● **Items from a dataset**

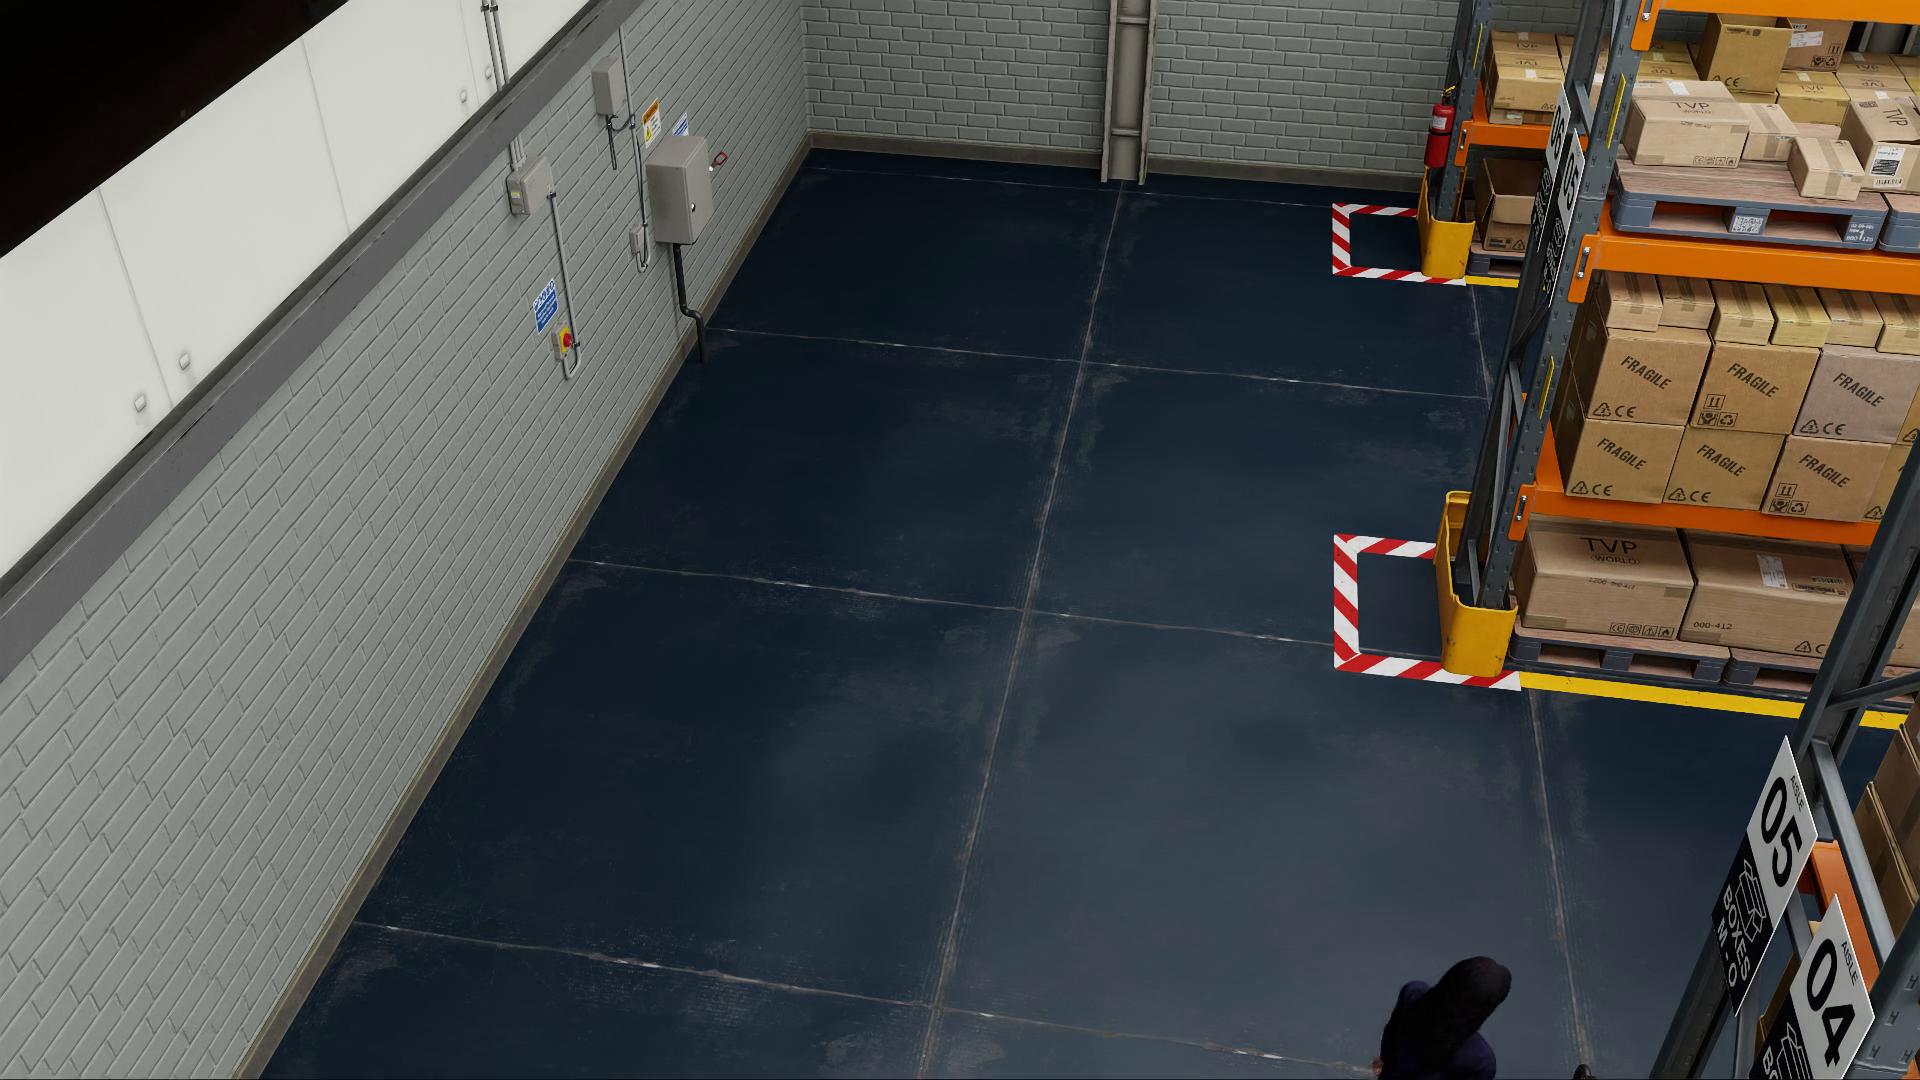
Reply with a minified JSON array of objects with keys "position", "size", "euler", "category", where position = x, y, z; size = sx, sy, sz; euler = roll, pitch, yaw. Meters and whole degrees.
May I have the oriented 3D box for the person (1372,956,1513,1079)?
[{"position":[1.741,2.224,6.498],"size":[1.009,1.701,0.967],"euler":[-29,46,-32],"category":"person"}]
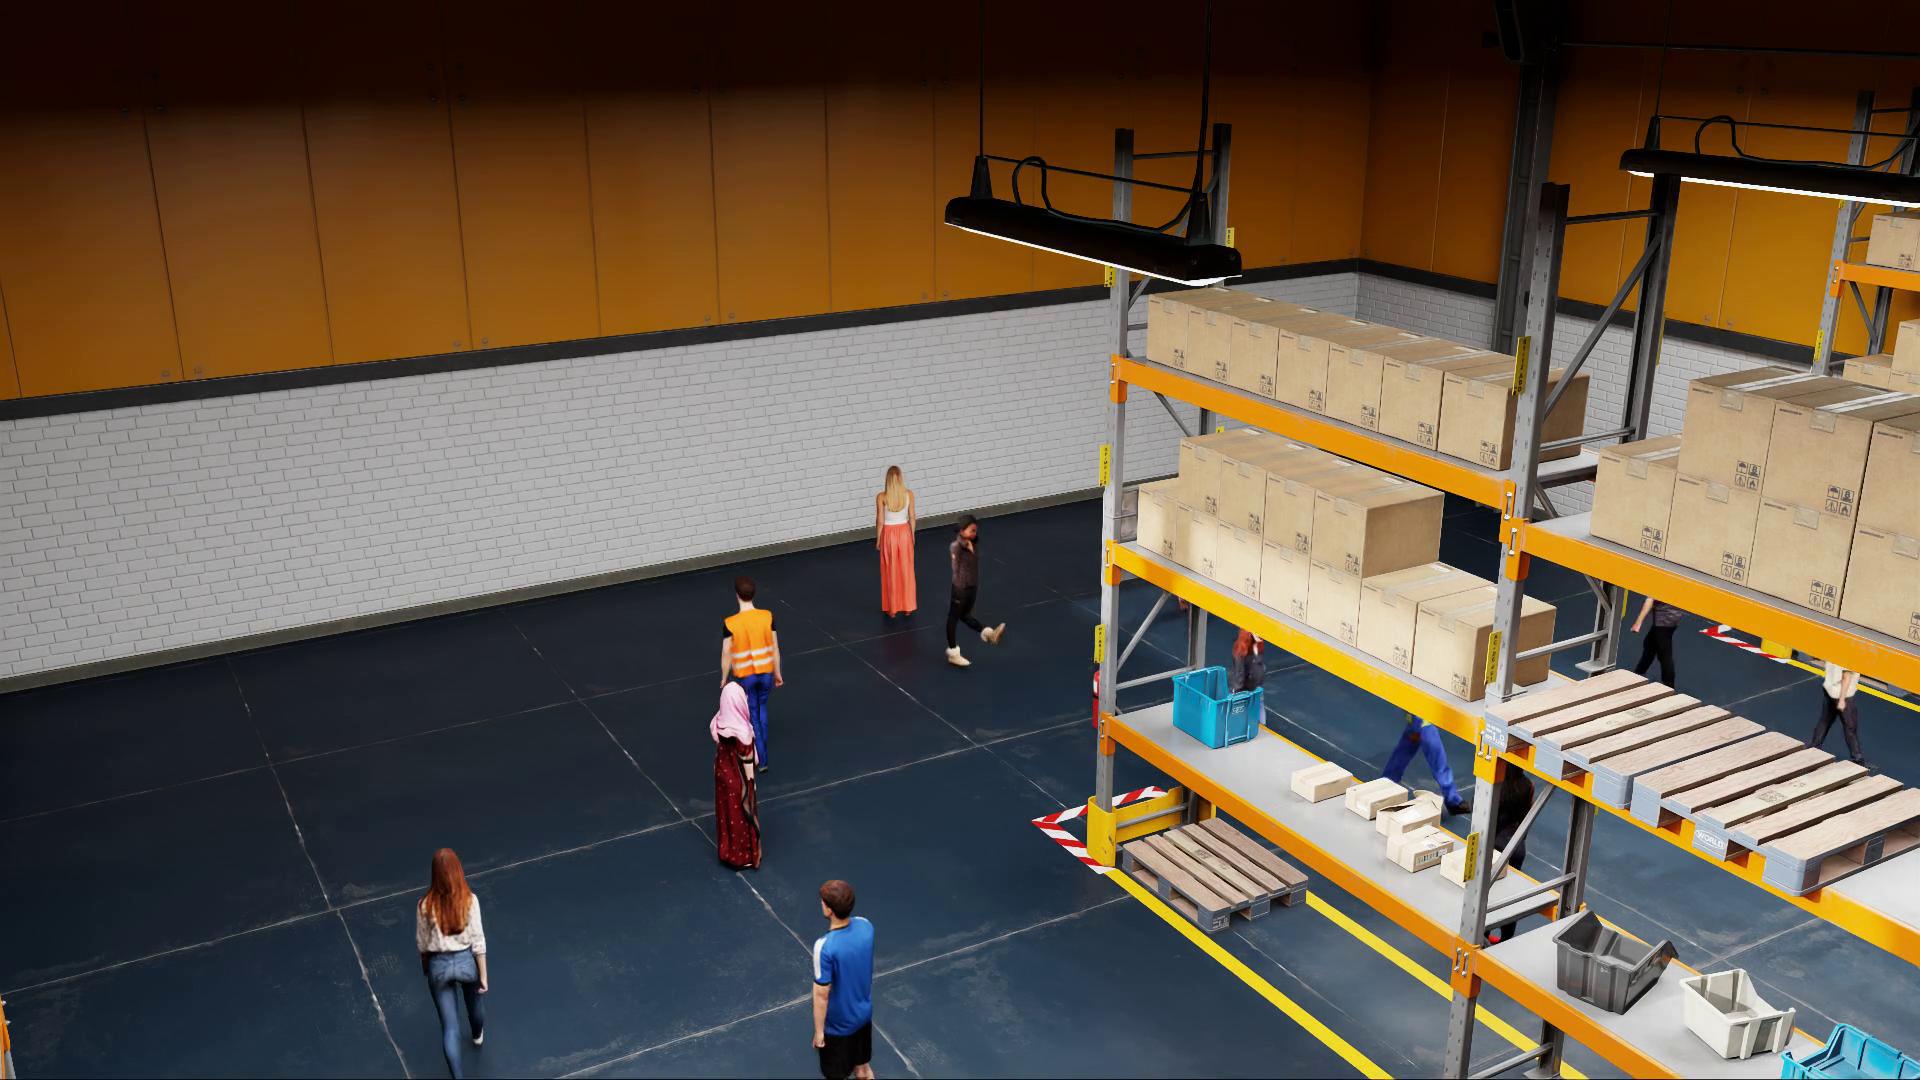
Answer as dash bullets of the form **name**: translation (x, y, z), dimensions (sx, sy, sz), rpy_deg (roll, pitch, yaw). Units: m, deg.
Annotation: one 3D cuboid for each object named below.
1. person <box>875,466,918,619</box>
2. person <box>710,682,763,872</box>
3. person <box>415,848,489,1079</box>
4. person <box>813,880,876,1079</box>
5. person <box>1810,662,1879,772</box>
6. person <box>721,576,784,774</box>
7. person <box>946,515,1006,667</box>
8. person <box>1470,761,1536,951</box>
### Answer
- **person**: translation (-0.735, 0.013, 19.175), dimensions (0.705, 1.802, 0.700), rpy_deg (-4, 19, -10)
- **person**: translation (-1.855, 1.937, 13.727), dimensions (0.762, 1.633, 0.566), rpy_deg (-13, 23, -34)
- **person**: translation (-3.308, 2.877, 10.867), dimensions (0.788, 1.678, 1.176), rpy_deg (-5, 19, -15)
- **person**: translation (-0.698, 2.964, 10.319), dimensions (0.719, 1.862, 0.727), rpy_deg (13, 23, 34)
- **person**: translation (8.077, 1.412, 15.390), dimensions (0.916, 1.566, 0.892), rpy_deg (2, 19, 6)
- **person**: translation (-1.874, 1.276, 15.316), dimensions (0.713, 1.872, 0.693), rpy_deg (-10, 21, -26)
- **person**: translation (0.140, 0.551, 17.806), dimensions (0.922, 1.657, 0.789), rpy_deg (16, 24, 39)
- **person**: translation (3.982, 2.310, 12.335), dimensions (0.691, 1.815, 0.626), rpy_deg (-9, 20, -24)
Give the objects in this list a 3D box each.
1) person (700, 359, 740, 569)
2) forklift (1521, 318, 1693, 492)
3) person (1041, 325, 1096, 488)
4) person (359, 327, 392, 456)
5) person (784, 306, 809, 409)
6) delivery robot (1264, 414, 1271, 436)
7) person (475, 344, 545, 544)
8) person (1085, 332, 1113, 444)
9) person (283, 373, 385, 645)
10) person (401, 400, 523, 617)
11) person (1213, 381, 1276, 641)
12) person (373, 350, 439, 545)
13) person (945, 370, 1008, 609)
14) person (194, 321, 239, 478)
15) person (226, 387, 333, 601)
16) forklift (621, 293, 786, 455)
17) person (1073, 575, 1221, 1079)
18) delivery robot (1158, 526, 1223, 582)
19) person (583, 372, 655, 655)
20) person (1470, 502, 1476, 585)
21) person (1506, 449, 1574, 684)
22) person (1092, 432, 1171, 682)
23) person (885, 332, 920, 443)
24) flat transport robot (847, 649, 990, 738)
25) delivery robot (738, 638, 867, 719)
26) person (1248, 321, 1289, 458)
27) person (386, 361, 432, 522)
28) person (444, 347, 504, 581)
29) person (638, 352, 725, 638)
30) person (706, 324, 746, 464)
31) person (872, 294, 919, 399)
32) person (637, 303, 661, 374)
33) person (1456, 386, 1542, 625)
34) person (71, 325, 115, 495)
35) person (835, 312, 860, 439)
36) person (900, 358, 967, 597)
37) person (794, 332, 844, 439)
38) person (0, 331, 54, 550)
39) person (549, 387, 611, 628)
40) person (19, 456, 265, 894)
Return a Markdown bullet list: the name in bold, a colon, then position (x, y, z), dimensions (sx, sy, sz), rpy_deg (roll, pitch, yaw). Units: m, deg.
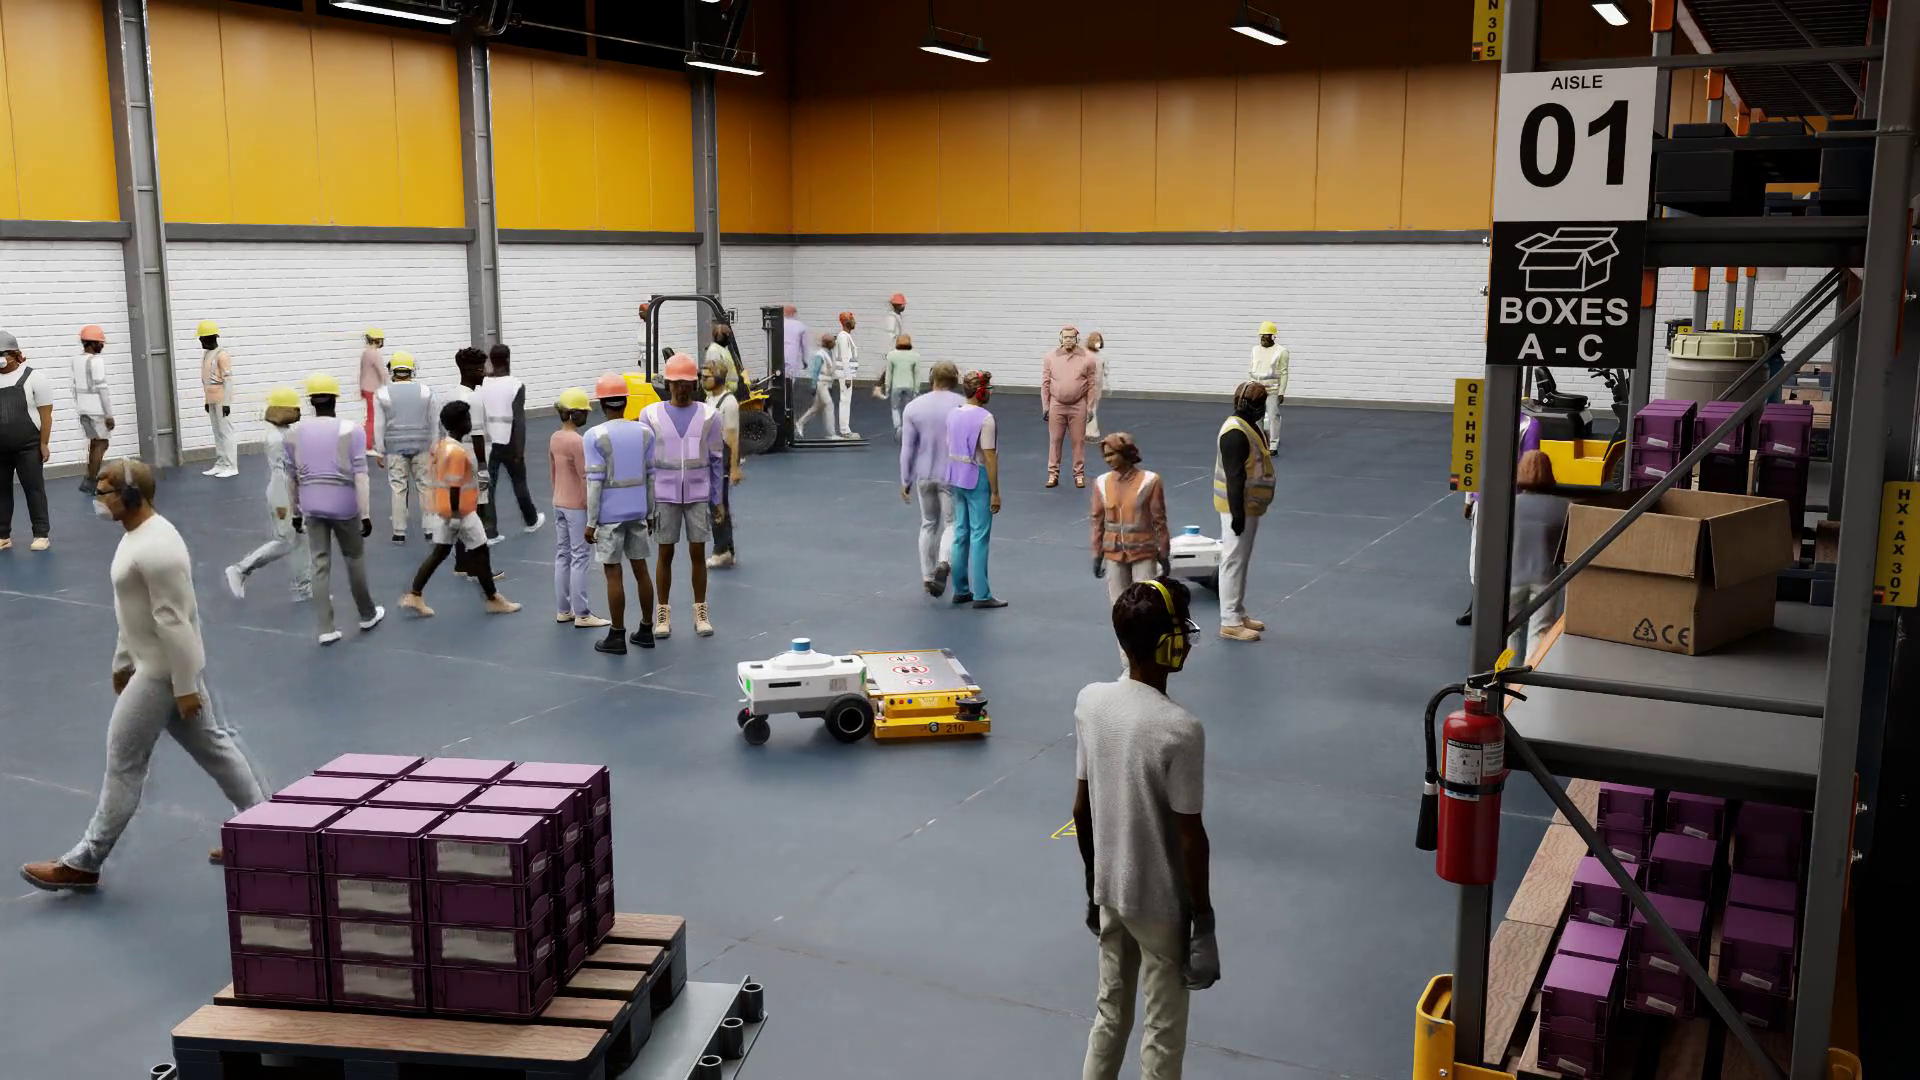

● **EXERCISE BRIEF**
Return every line above in which the string "roll" occurs.

● **RESULT OF THE TASK**
Reply with a minified JSON array of objects with keys "position", "size", "euler", "category", where position = x, y, z; size = sx, sy, sz; euler = roll, pitch, yaw. Meters and whole degrees.
Answer as dash bullets of the form **name**: translation (x, y, z), dimensions (sx, sy, sz), rpy_deg (roll, pitch, yaw). Units: m, deg.
Return a Markdown bullet list: the name in bold, a colon, then position (x, y, z), dimensions (sx, sy, sz), rpy_deg (roll, pitch, yaw). Units: m, deg.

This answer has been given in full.